Countercurrent trades that will withstand market volatility: Meghan Shue
Wilmington Trust’s Meghan Shue came out with a contrarian playbook designed to help investors capture profits during volatility.
Even as correction forecasts rise and risk appetite collapses on Wall Street, she cites overweight stocks as her first recommendation for those with a 9 to 12 month time horizon.
“During this period, the economy is expected to operate at above-trend rates – supported by consumer savings, capital spending and a restocking,” the head of investment strategy said on Friday. from the company to CNBC’s “Trading Nation”. “So we think stocks are well positioned to outperform bonds.”
Next, Shue focuses on buying emerging market equities. It includes one of the most unpopular places on the streets right now: China, which is hammered by new regulations targeting industries such as high tech, crypto and casinos.

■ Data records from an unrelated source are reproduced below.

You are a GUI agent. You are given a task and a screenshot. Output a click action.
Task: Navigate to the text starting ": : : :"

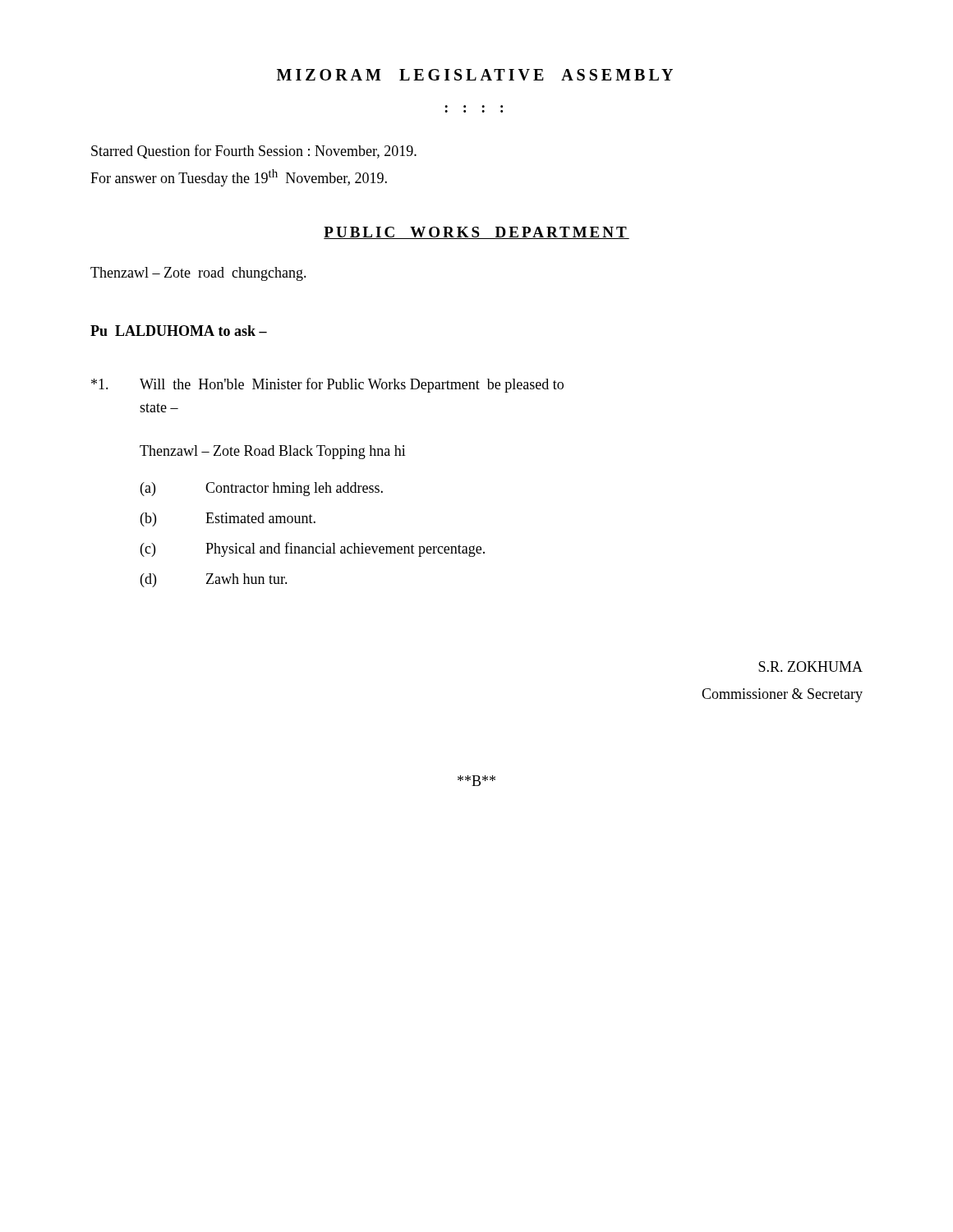(476, 108)
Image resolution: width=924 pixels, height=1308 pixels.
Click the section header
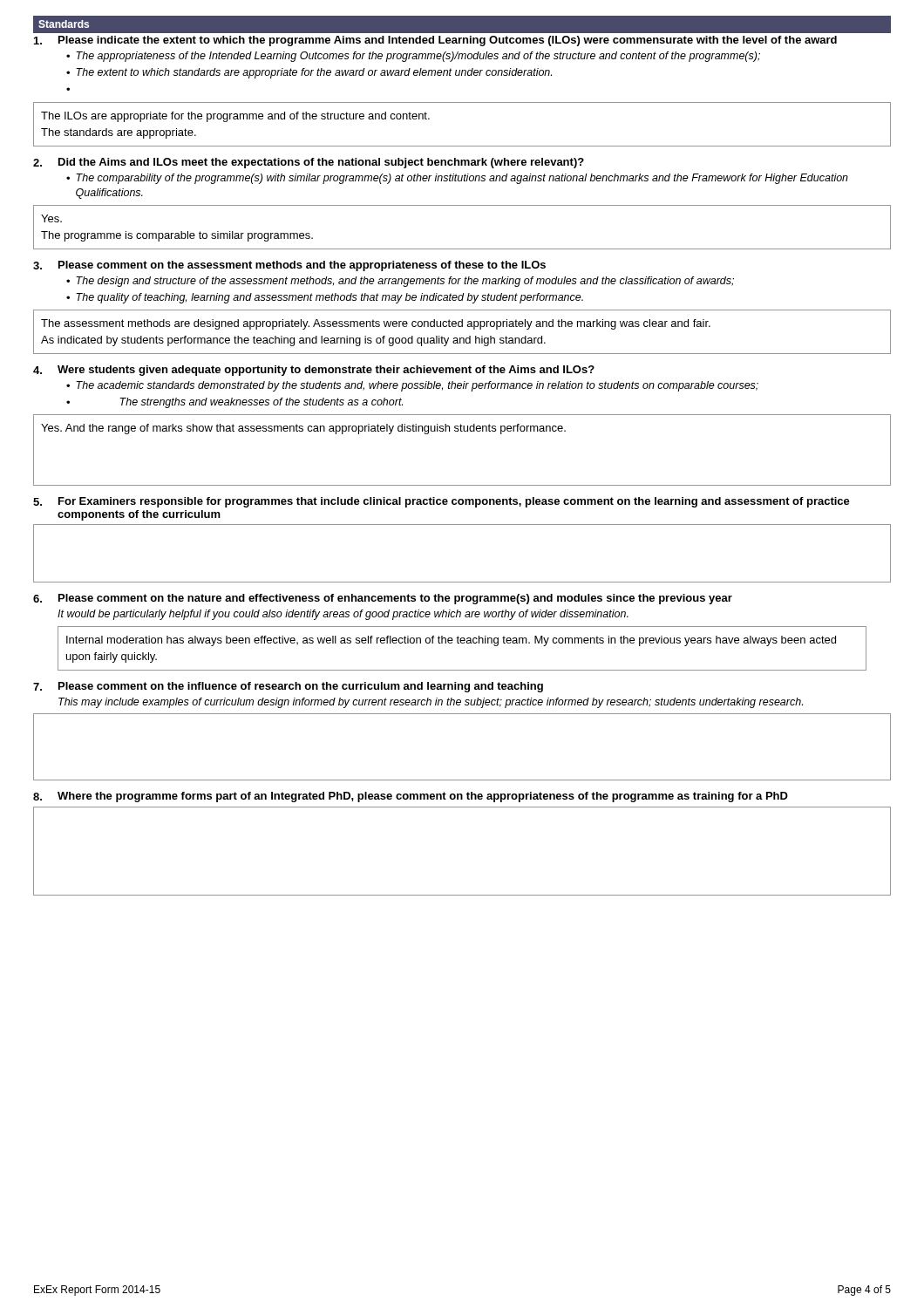tap(64, 24)

In addition, it deals with the fallout from the debt crisis of Chinese real estate developer Evergrande.
“The risks are certainly high in China,” Shue said. “Certainly, weak real estate is putting some downward pressure on the economy. But we think regulatory risks are at least factored somewhat at this point. Chinese stocks have been down 30% since then. February.”

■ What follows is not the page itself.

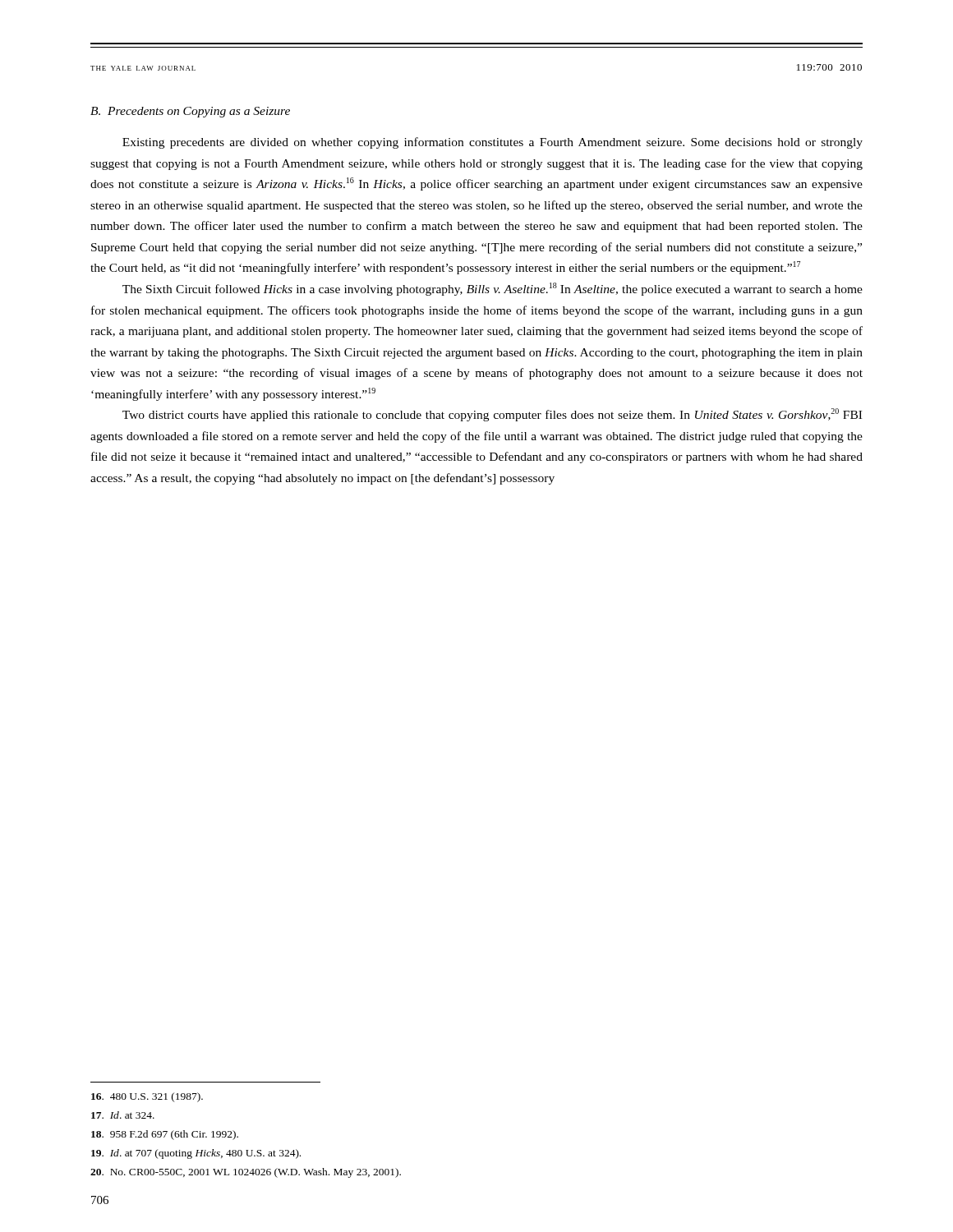The image size is (953, 1232).
Task: Navigate to the region starting "480 U.S. 321 (1987)."
Action: (x=147, y=1096)

Third, Shue, who oversees $ 141 billion in assets, believes investors should overweight cyclicals and temper their enthusiasm for tech stocks. Its main choices are finance, industry, energy and materials.
“We are also overweight developed international stocks which are more cyclical and tend to benefit more from a global economic recovery,” said Shue, a CNBC contributor.
Its baseline scenario is that the global reopenings interrupted by the wave of Covid-19 Delta variants will resume in the fourth quarter, which begins this Friday.
Shue’s fourth strategy is to significantly overweight commodities due to the continued impact of strong demand, restocking and inflation.
“This take on transient inflation is pretty much a consensus,” Shue said. “While we also believe inflationary pressures will ease as we head into 2022, we believe there is upside risk… So we are putting that in place as a hedge.”